リスクとはいったい何だろう。標準的な辞書はリスクを「危険にさらされている状況」と定義し、それはクライミングに当てはまる。しかし、この一般的な定義は狭すぎる。リスクがさまざまな形を取り得ることを考慮せず、マイナス面に着目し、リスクと対価の関係を無視している。リスクと対価は本質的につながっており、どちらも人間が下す意思決定のほぼすべてで役割を果たす。クライマーにとっては特にそうだ。それはつかみどころがない概念でもある。格言に言う「リスクが大きいほど対価も大きい」といった単純な話ではない。どちらか一方でも見誤れば、未知の結果を招きかねないのだから。
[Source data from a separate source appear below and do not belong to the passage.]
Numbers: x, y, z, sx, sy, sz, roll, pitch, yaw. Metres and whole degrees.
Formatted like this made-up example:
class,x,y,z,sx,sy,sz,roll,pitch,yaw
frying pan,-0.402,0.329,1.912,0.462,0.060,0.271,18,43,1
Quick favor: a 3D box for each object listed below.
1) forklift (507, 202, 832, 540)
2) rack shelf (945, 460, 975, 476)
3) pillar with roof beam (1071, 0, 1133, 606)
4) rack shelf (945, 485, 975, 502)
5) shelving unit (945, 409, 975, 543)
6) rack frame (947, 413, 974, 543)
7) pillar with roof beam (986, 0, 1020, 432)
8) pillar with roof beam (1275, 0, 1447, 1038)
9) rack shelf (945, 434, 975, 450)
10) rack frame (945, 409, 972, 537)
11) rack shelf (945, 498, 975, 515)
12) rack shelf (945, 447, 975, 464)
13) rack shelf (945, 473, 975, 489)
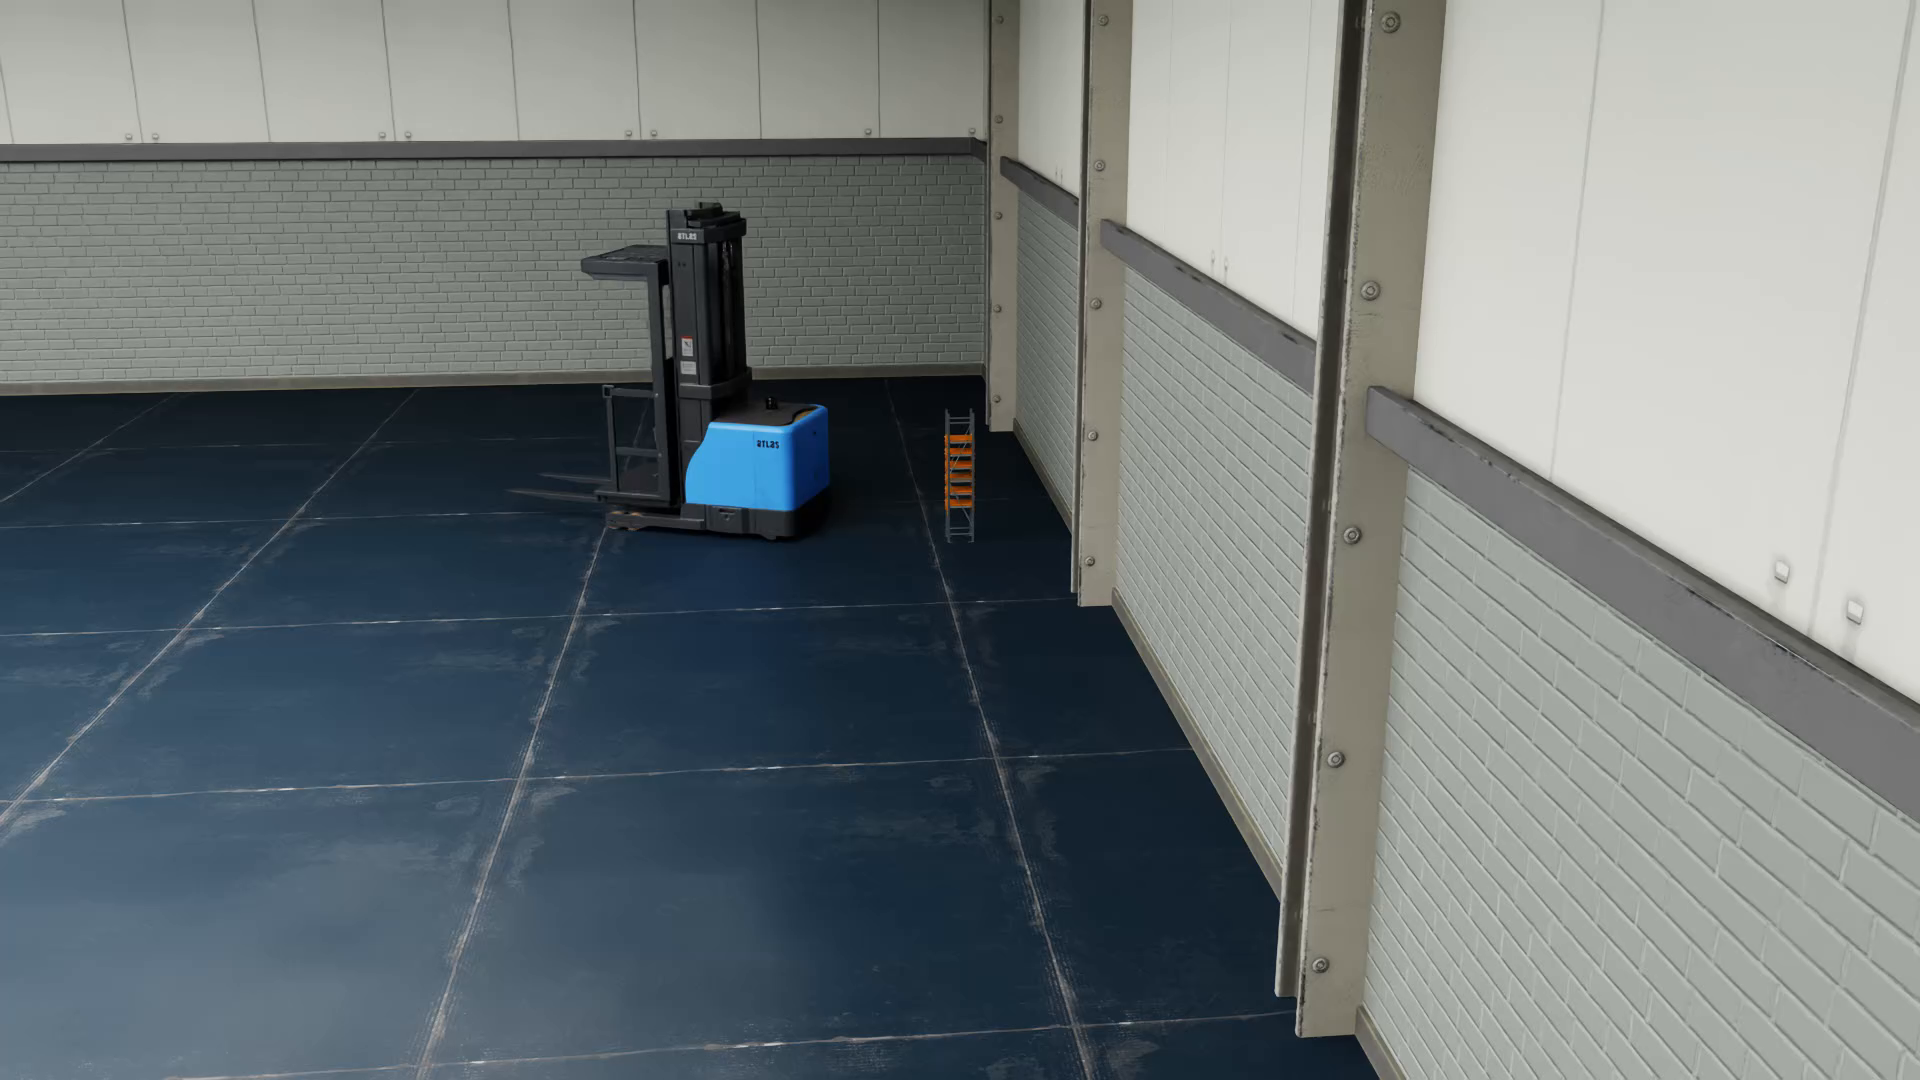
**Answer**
class,x,y,z,sx,sy,sz,roll,pitch,yaw
forklift,-2.802,-1.628,15.471,3.031,2.935,1.130,5,18,15
rack shelf,-0.002,-0.649,14.988,0.258,0.103,0.180,-2,18,-6
pillar with roof beam,-3.187,-3.687,11.896,9.100,9.000,0.400,-2,18,-6
rack shelf,-0.002,-0.420,15.060,0.258,0.103,0.180,-2,18,-6
shelving unit,-0.002,-0.577,15.011,0.258,1.200,0.189,-2,18,-6
rack frame,0.008,-0.550,14.924,0.240,1.200,0.006,-2,18,-6
pillar with roof beam,-3.806,-5.474,17.590,9.100,9.000,0.400,-2,18,-6
pillar with roof beam,-2.569,-1.899,6.202,9.100,9.000,0.400,-2,18,-6
rack shelf,-0.002,-0.878,14.917,0.258,0.103,0.180,-2,18,-6
rack frame,-0.011,-0.604,15.098,0.240,1.200,0.006,-2,18,-6
rack shelf,-0.001,-0.305,15.096,0.258,0.103,0.180,-2,18,-6
rack shelf,-0.002,-0.763,14.953,0.258,0.103,0.180,-2,18,-6
rack shelf,-0.002,-0.534,15.024,0.258,0.103,0.180,-2,18,-6

クライマーにとって最大かつ最も明白なリスクは、身体的損傷またはその究極にある死の可能性だ。クライミングにそれなりの期間たずさわっていれば、だれでもこの現実を身近に感じる。死ねば重大事であるが、幸いなことにその統計的確率は、ほとんどのスタイルのクライミングにおいてかなり低い。むしろクライマーは、死ほど重大ではないが、より発生率の高いリスク、例えば人間関係の喪失、経済的困窮、自尊心の喪失、人生のその他の面での機会逸失などを受け入れることが増えたように思える。つまりクライミングがすべてではない世界とフルに関わることができないのだ。これらは身体的損傷を伴わないが、だからと言って人生に深刻な影響を与えないと考えるのは浅はかだろう。僕自身は、クライミングを優先することが多かったため、大切な人と健全な関係を維持することに苦労してきた。大学に残り、もっと普通の仕事をしていれば、どうなっていただろうか。おそらく経済的安定は今よりも感じられただろう。

リスクの計算

ヨセミテ、ミドル・カテドラルの新ルート「ファーザー・タイム」に取り組むマイキー。Photo: Jeff Johnson

しかし、対価というメリットよりも、失うものやリスクというデメリットに注目してしまうのは人間の性だ。この偏った見方を、人類は何世紀にもわたって意思決定の材料としてきた。それは自己を安全に保つために仕組まれた進化の本能である。クライマーは世間一般の人々よりもこの偏見に影響されにくい。僕らは頂上に立ったり、長年のクライミング目標を達成したりといった成功を称賛することが得意だ。こうした成功は、自尊心を満たし、自信となり、名声をもたらし、仲間内での評価を高めるなどの精神的対価をもたらす。クライマーは健康上の数々のメリットによっても報われる。身体活動が寿命を延ばすことは実証されている。クライミングはしばしば社会的であり、コミュニティが狭いため、グループ意識や活発な社会的交流を生むが、どちらも長い目で見ると健康によい。そう高校で教わった。周りにあまり馴染めなかった僕は、クライミングに没頭し、次第にこのコミュニティとのつながりを強めていった。クライマーとして経歴が長くなるほど、そうしたつながりは、より強く、より対価のあるものになった。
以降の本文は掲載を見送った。